Con i toni da guerra civile di questa campagna elettorale, Berlusconi ha insomma poche possibilità di distruggere la sinistra, come sembra proporsi. Ha piuttosto ottime possibilità di distruggere la destra. Allontana o chiude la speranza che un’eventuale sconfitta della maggioranza possa inaugurare una stagione politica davvero nuova, con l’avvento di una destra finalmente europea, non più legata al carro anomalo del conflitto d’interessi. Con questa campagna, comunque vada a finire il voto, il Cavaliere ha chiarito di voler rimanere al centro della scena dopo il 10 aprile, ben deciso a stroncare ogni ipotesi di successione.
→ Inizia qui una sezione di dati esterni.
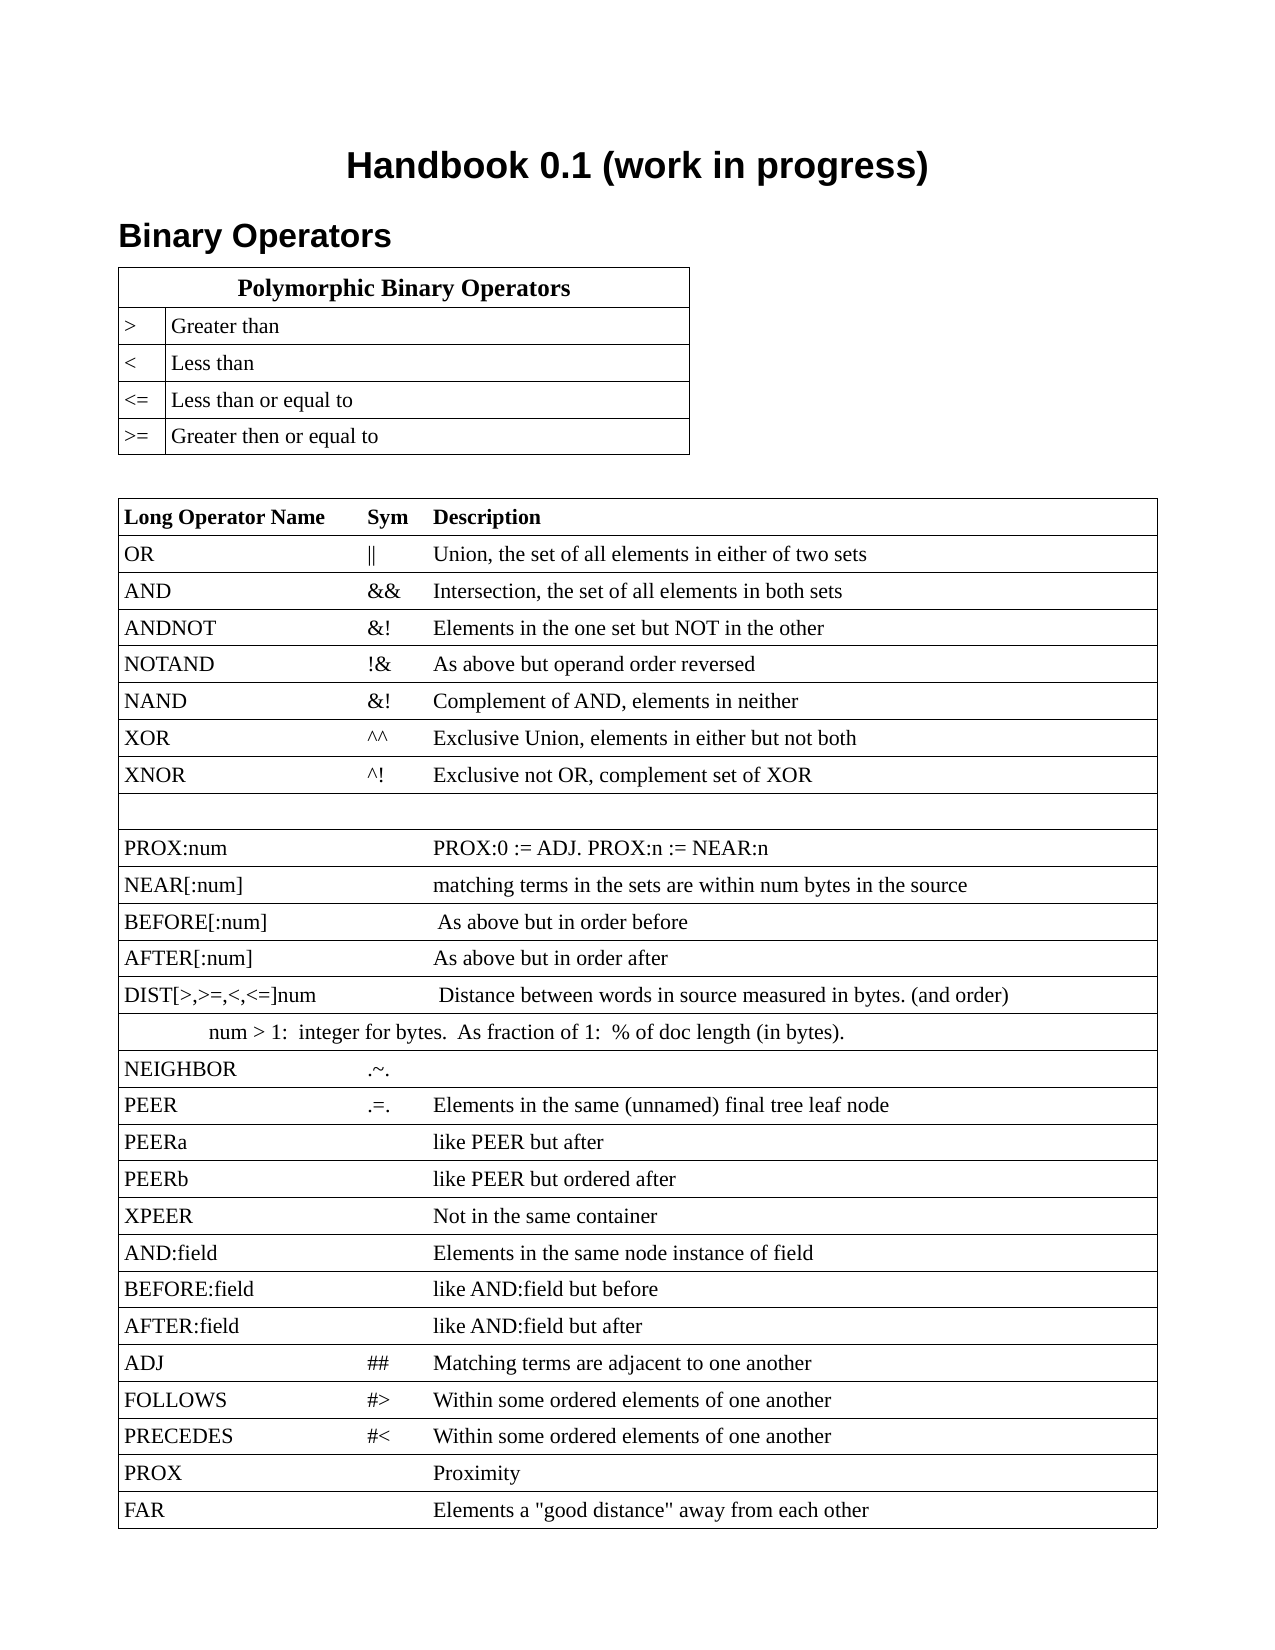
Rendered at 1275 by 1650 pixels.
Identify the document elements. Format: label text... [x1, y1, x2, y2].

table_cell num > 1: integer for bytes. As fraction of 1: % of doc length (in bytes). [119, 1014, 936, 1050]
table_cell NEIGHBOR [119, 1051, 361, 1087]
table_cell Elements in the same (unnamed) final tree leaf node [427, 1088, 1157, 1123]
table_header Long Operator Name [119, 499, 361, 535]
table_cell XNOR [119, 757, 361, 792]
table_cell [119, 794, 361, 829]
table_cell NOTAND [119, 646, 361, 682]
table_cell Exclusive Union, elements in either but not both [427, 720, 1157, 756]
table_cell [361, 1272, 427, 1307]
table_cell like AND:field but after [427, 1308, 1157, 1344]
table_cell Elements in the one set but NOT in the other [427, 610, 1157, 645]
table_cell ADJ [119, 1345, 361, 1381]
table_cell [361, 1125, 427, 1160]
table_cell [936, 1014, 1157, 1050]
table_cell Proximity [427, 1455, 1157, 1491]
table_cell || [361, 536, 427, 572]
table_cell AFTER:field [119, 1308, 361, 1344]
subtitle Binary Operators [118, 216, 1157, 254]
table_cell [361, 977, 427, 1013]
table_cell NAND [119, 683, 361, 719]
table_cell As above but in order after [427, 941, 1157, 976]
table_cell Within some ordered elements of one another [427, 1382, 1157, 1418]
table_cell [361, 830, 427, 866]
table_cell [361, 1161, 427, 1197]
table_cell < [119, 345, 165, 381]
table_cell ANDNOT [119, 610, 361, 645]
table_cell #< [361, 1419, 427, 1454]
table_cell PROX [119, 1455, 361, 1491]
table_cell PROX:num [119, 830, 361, 866]
table_cell [427, 794, 1157, 829]
table_header Description [427, 499, 1157, 535]
table_cell PEERb [119, 1161, 361, 1197]
table_cell PRECEDES [119, 1419, 361, 1454]
table_cell AND [119, 573, 361, 609]
table_cell like PEER but ordered after [427, 1161, 1157, 1197]
table_cell BEFORE:field [119, 1272, 361, 1307]
table_cell [361, 794, 427, 829]
table_cell BEFORE[:num] [119, 904, 361, 939]
table_cell XOR [119, 720, 361, 756]
table_cell [361, 904, 427, 939]
table_cell [361, 1198, 427, 1234]
table_cell matching terms in the sets are within num bytes in the source [427, 867, 1157, 903]
table_cell [361, 941, 427, 976]
table_cell #> [361, 1382, 427, 1418]
table_cell like AND:field but before [427, 1272, 1157, 1307]
table_cell !& [361, 646, 427, 682]
table_cell NEAR[:num] [119, 867, 361, 903]
table_header Sym [361, 499, 427, 535]
table_cell .=. [361, 1088, 427, 1123]
table_cell [361, 867, 427, 903]
table_cell FAR [119, 1492, 361, 1528]
table_cell .~. [361, 1051, 427, 1087]
table_cell XPEER [119, 1198, 361, 1234]
table_cell Matching terms are adjacent to one another [427, 1345, 1157, 1381]
table_cell [427, 1051, 1157, 1087]
table_cell Complement of AND, elements in neither [427, 683, 1157, 719]
table_cell >= [119, 419, 165, 454]
table_cell [361, 1308, 427, 1344]
table_cell PROX:0 := ADJ. PROX:n := NEAR:n [427, 830, 1157, 866]
table_cell Greater than [166, 308, 689, 344]
table_cell Within some ordered elements of one another [427, 1419, 1157, 1454]
table_cell > [119, 308, 165, 344]
table_cell PEER [119, 1088, 361, 1123]
table_cell <= [119, 382, 165, 417]
table_cell OR [119, 536, 361, 572]
table_cell Less than [166, 345, 689, 381]
table_cell Elements in the same node instance of field [427, 1235, 1157, 1271]
table_cell Less than or equal to [166, 382, 689, 417]
table_cell Intersection, the set of all elements in both sets [427, 573, 1157, 609]
table_cell &! [361, 683, 427, 719]
table_cell AFTER[:num] [119, 941, 361, 976]
table_cell Not in the same container [427, 1198, 1157, 1234]
table_cell [361, 1492, 427, 1528]
table_cell AND:field [119, 1235, 361, 1271]
table_cell Distance between words in source measured in bytes. (and order) [427, 977, 1157, 1013]
table_cell As above but operand order reversed [427, 646, 1157, 682]
table_cell [361, 1235, 427, 1271]
table_cell Greater then or equal to [166, 419, 689, 454]
table_cell &! [361, 610, 427, 645]
table_header Polymorphic Binary Operators [119, 268, 689, 307]
table_cell As above but in order before [427, 904, 1157, 939]
table_cell Exclusive not OR, complement set of XOR [427, 757, 1157, 792]
table_cell PEERa [119, 1125, 361, 1160]
table_cell FOLLOWS [119, 1382, 361, 1418]
table_cell ^! [361, 757, 427, 792]
table_cell Union, the set of all elements in either of two sets [427, 536, 1157, 572]
table_cell DIST[>,>=,<,<=]num [119, 977, 361, 1013]
table_cell && [361, 573, 427, 609]
table_cell like PEER but after [427, 1125, 1157, 1160]
table_cell Elements a "good distance" away from each other [427, 1492, 1157, 1528]
table_cell ## [361, 1345, 427, 1381]
table_cell [361, 1455, 427, 1491]
table_cell ^^ [361, 720, 427, 756]

Sarà il padrone dell’Italia oppure il padrone dell’opposizione, ma sempre un padrone. Gianfranco Fini e Pierferdinando Casini, che s’illudono di guidare a destra il dopo Berlusconi, hanno provato a contrastare l’impostazione "referendaria" dell’alleato. Ma ora hanno chinato la schiena davanti alla campagna ad personam come l’hanno piegata ogni volta per cinque anni davanti alle leggi ad personam.

All’orizzonte della destra non c’è alcun dopo Berlusconi.

C’è forse un leader che la sera del 10 aprile sbraita di brogli elettorali.

C’è forse un capo dell’opposizione pronto a bloccare i lavori parlamentari alla prima proposta di legge sul conflitto d’interessi o di riforma televisiva.

C’è di sicuro l’ultima rata del pesante mutuo che l’Italia sta pagando da dodici anni al fatto di avere al centro della propria vita pubblica un colossale conflitto d’interessi. Più la pena di dover prendere sul serio ogni giorno un delirio ormai evidente ma che è impossibile ignorare perché proviene dal leader di mezzo paese. Con un pizzico d’invidia per le altre democrazie, dove nessun capo di governo di destra o di sinistra si sogna di chieder conto all’opposizione di ogni protesta o incidente di piazza.

Neppure quando i contestatori incendiano Parigi, invece di rompere una vetrina o urlare contro l’auto blu del presidente.